Biden’s campaign has long believed the most effective strategy against Trump is to only focus on him as a candidate for president, not as a candidate at the center of a legal drama. Biden aides say that won’t change this week, even with the expectation of blanket media coverage of the start of the first of several potential trials Trump will face.
“The contrast that President Biden will drive is that he’s got your back, and if that is the message that breaks through that’s what moves the needle,” a Democratic strategist close to the White House said. “And he’s helped profoundly by the fact that Donald Trump is in court defending himself.”
Not all Biden allies agree with the silent approach to Trump’s criminal trial.
“It’s outdated thinking to rely on these old norms and recycled cliches of communicating like “don’t give it oxygen” or “stay out of the way” while an opponent self-implodes,” another Democratic strategist said. “Biden should go on offense, engage, and preempt the Trump circus.”
Trump’s New York trial is expected to last between six to eight weeks. He is required to attend in person every weekday except Wednesdays, when the trial won’t be held. Trump campaign officials have said the former president plans to hold rallies and campaign events on Wednesdays and Saturdays.
In the runup to the start of the trial, the Trump campaign has been fundraising off his legal troubles, warning in a text message to supporters on Saturday that “in 48 hours, AMERICA WILL CEASE TO EXIST.”
While in Scranton, Biden will revive a major economic argument of the 2020 campaign — that he is focused on the needs of Americans like those in Scranton while Trump is trying to deliver for those who can afford to live on Park Avenue in Manhattan. During a town-hall style event near Scranton in the closing weeks of the 2020 campaign, Biden argued that “guys like Trump, who inherited everything and squandered what they inherited are the people I’ve always had a problem with.”

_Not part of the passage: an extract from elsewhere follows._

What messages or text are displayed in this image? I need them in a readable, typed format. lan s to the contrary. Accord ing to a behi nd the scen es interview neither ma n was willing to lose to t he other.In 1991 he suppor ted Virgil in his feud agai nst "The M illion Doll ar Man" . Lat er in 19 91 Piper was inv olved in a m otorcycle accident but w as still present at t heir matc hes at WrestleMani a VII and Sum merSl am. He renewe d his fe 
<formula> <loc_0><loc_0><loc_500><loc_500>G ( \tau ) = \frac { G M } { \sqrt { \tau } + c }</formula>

On Tuesday he’ll highlight measures in his 2025 budget proposal that the White House says would benefit the middle class, such as raising taxes on billionaires, according to the Biden aides.
To underscore his point, the Biden aides said he is expected to again highlight Trump’s telling donors at a recent private dinner that he’ll keep their taxes low.
The president will deliver different versions of that message during his other stops in what he and his campaign see as potentially the lynchpin state in the 2024 election. Pennsylvania, as well as Wisconsin and Michigan — Democrats’ so-called blue wall — helped put Biden over the 270-electoral vote threshold four years ago.
“It’s all about the blue wall,” a Biden campaign official said. “If we can’t win those states, we lose.”
After Tuesday’s event in Scranton, Biden will hold an official White House event focused on manufacturing in the Pittsburgh area, which the president has long seen as the home base for his union-focused economic policy. He’ll end the week with a campaign event in the Philadelphia area, a place that has often been where he focuses on what he believes is at stake for American democracy in November.